Perhaps you have heard the following quote, often attributed, potentially inaccurately, to C.S. Lewis: “You do not have a soul. You are a soul. You have a body.” Regardless of where this concept came from, it is not necessarily original in substance, but it is worth developing a deeper understanding of what it means.

It is true that our individual essence, being, or the thing which animates us, is our soul. Our soul is the innermost part of us that makes us who we are. It lives on eternally after our body has given out, which is why our care for it is of the utmost importance. In all situations and decisions, our priority ought to always be to do what is best for our eternal soul and for the souls of those around us. Care for our soul means praying, receiving the Sacraments, and growing in virtue while avoiding sin. However, just because care of the soul should take precedence over other things does not mean that the body should be ignored.

Jesus is the Word of God Incarnate, or the Word of God made flesh. He is God, who is pure spirit, but He took on a body, like ours, so that we might better relate to Him. Because of this, our bodies were elevated to a higher level, and glorified by Him taking on flesh. In other words, because of Jesus’ human presence, our bodies extend beyond our souls, providing even more ways in which we can bring glory to our Creator through our use of the gift of flesh.

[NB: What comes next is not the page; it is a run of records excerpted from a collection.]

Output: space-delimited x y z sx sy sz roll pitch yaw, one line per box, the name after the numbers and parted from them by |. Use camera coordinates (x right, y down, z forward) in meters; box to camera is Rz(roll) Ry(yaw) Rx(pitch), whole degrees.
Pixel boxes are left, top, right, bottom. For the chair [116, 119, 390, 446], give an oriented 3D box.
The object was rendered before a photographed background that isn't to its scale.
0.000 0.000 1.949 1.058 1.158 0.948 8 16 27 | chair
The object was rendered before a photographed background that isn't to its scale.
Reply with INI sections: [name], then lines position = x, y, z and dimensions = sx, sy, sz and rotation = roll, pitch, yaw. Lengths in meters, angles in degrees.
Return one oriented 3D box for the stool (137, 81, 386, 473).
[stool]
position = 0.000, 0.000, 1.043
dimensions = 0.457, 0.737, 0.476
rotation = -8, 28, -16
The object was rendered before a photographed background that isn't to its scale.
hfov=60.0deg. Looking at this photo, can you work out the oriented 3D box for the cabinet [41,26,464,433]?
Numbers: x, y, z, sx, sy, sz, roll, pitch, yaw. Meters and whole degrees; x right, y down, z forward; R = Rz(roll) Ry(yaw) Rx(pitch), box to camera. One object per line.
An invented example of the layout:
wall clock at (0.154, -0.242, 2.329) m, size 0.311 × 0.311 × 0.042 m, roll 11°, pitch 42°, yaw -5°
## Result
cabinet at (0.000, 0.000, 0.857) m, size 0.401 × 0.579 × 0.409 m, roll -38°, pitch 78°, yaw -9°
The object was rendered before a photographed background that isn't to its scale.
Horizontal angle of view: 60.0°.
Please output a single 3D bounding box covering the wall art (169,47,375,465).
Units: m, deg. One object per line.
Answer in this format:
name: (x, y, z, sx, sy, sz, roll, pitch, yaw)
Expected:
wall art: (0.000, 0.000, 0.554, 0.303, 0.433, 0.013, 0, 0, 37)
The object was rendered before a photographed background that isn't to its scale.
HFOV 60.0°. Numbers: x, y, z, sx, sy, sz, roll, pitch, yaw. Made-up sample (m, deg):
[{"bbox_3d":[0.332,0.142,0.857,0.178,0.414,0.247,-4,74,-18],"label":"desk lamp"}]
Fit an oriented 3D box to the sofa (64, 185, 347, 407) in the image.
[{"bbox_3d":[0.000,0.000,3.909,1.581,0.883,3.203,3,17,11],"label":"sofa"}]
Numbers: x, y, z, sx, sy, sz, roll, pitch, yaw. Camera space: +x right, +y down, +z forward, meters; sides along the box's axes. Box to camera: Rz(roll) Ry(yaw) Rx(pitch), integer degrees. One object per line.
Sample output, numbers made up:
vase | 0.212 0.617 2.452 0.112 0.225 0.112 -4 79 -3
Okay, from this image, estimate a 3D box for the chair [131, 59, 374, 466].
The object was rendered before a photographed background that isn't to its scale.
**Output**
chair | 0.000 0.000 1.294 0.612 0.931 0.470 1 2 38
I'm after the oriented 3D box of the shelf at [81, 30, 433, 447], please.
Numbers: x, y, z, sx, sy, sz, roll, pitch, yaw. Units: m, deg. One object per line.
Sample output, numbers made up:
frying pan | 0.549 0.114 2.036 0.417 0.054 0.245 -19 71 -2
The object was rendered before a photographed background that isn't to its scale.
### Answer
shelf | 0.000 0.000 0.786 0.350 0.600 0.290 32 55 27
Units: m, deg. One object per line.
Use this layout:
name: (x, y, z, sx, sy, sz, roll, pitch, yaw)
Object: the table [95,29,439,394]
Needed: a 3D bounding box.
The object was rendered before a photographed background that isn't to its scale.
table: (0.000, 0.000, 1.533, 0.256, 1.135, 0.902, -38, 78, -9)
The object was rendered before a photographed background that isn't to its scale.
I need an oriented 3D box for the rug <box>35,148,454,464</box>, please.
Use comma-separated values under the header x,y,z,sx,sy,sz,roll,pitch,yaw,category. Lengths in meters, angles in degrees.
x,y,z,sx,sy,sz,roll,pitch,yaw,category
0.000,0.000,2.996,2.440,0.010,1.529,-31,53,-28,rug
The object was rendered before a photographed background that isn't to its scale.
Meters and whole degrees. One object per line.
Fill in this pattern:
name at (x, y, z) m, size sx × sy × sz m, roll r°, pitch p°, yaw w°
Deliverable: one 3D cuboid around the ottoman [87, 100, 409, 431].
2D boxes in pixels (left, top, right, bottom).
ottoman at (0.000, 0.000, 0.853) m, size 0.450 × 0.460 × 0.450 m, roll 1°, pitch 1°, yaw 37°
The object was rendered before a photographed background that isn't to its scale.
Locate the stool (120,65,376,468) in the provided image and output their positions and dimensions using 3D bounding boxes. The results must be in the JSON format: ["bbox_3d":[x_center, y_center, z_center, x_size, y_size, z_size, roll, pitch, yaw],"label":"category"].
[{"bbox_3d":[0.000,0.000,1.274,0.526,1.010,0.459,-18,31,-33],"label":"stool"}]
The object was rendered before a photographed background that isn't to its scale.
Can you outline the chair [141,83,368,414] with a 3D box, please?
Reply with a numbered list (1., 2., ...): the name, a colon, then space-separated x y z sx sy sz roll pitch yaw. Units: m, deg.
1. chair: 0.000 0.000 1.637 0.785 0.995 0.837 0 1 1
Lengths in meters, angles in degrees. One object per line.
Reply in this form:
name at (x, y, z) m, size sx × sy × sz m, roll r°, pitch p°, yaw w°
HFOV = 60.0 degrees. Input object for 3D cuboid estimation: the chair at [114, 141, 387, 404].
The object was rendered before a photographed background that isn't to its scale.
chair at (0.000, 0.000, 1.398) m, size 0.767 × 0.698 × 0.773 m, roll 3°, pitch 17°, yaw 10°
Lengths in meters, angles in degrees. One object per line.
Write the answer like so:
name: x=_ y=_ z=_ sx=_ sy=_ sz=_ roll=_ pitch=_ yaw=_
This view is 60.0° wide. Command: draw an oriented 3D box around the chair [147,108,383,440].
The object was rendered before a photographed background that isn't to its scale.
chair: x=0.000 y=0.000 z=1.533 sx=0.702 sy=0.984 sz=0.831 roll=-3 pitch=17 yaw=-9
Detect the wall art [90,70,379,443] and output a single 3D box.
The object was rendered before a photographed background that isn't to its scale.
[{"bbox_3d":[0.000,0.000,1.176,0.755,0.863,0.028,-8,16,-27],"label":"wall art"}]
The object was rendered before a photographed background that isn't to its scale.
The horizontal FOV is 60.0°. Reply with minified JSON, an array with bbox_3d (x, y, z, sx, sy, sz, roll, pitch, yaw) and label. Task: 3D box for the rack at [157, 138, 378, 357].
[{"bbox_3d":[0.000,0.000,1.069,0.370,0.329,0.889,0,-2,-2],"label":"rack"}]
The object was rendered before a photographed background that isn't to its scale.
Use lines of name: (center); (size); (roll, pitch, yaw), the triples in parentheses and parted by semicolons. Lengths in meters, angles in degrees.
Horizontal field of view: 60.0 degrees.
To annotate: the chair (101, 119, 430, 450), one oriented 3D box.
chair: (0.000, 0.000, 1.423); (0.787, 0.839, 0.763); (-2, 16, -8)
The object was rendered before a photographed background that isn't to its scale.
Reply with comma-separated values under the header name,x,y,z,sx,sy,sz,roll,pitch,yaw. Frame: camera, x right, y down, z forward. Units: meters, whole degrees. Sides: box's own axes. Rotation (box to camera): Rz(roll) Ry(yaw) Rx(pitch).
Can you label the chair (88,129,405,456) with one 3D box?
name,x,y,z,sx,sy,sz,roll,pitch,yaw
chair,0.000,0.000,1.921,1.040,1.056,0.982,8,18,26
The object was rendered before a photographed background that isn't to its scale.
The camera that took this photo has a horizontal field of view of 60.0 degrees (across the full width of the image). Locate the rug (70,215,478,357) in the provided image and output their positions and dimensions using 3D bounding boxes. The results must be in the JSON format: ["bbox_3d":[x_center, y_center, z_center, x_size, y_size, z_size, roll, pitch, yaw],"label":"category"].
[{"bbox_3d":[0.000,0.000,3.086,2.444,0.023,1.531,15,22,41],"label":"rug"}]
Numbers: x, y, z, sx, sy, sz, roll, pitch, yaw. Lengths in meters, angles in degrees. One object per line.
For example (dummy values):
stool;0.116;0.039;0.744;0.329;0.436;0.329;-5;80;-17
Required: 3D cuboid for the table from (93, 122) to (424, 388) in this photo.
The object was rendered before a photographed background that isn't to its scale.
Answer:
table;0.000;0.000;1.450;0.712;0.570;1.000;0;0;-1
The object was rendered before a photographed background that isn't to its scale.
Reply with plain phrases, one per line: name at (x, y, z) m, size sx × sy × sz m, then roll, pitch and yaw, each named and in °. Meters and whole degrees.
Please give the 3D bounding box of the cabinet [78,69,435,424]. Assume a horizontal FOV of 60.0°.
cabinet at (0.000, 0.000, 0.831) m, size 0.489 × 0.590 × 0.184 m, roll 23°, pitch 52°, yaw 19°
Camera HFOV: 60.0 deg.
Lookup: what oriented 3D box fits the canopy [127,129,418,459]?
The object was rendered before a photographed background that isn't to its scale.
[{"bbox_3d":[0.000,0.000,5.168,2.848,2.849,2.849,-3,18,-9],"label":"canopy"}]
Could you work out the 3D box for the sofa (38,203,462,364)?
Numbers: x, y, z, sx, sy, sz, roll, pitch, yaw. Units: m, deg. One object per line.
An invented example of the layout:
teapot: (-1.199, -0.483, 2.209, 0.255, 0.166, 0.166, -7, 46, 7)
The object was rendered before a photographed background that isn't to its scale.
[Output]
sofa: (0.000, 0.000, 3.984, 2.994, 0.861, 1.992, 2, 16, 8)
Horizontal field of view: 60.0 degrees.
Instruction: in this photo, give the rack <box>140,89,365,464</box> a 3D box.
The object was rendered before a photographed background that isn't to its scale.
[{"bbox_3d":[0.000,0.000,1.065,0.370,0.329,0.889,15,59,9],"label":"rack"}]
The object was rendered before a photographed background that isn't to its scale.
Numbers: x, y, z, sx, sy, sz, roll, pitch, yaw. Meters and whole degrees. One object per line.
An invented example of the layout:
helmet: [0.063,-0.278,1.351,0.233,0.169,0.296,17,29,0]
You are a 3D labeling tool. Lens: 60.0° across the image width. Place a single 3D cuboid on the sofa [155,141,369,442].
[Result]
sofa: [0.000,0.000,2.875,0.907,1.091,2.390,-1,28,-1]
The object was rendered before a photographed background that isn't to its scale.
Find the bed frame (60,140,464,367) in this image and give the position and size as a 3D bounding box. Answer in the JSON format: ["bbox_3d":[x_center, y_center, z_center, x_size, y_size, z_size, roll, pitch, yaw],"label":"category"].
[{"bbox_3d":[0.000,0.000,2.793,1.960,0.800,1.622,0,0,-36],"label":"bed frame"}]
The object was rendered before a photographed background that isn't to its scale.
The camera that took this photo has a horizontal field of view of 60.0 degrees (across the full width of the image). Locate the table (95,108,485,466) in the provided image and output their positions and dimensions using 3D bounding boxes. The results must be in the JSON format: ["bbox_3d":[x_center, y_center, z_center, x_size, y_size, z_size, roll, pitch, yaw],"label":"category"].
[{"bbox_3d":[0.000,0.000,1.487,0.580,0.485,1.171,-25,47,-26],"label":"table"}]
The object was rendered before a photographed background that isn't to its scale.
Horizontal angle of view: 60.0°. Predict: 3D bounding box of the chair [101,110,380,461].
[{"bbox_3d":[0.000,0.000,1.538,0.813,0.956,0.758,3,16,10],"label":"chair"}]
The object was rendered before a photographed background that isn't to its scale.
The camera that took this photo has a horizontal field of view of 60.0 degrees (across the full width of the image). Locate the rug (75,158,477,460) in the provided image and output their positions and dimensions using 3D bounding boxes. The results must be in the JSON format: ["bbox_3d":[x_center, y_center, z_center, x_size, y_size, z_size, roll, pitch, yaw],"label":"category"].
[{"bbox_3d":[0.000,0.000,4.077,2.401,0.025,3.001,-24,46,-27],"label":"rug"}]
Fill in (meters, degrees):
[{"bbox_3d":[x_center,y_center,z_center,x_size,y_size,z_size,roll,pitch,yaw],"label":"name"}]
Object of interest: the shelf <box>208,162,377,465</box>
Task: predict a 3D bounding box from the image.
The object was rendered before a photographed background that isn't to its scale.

St. Paul tells us, “[D]o you not know that your body is a temple of the Holy Spirit within you, whom you have from God? You are not your own, for you were bought with a price. So glorify God in your body” (1 Cor 6:19-20). How much do we really think about glorifying God in our bodies and how do we do it? If we recognize that each of our bodies are, in fact, a gift, and that Jesus elevated that gift by taking it on Himself, it should help to form our perspective on how we might use it to glorify God.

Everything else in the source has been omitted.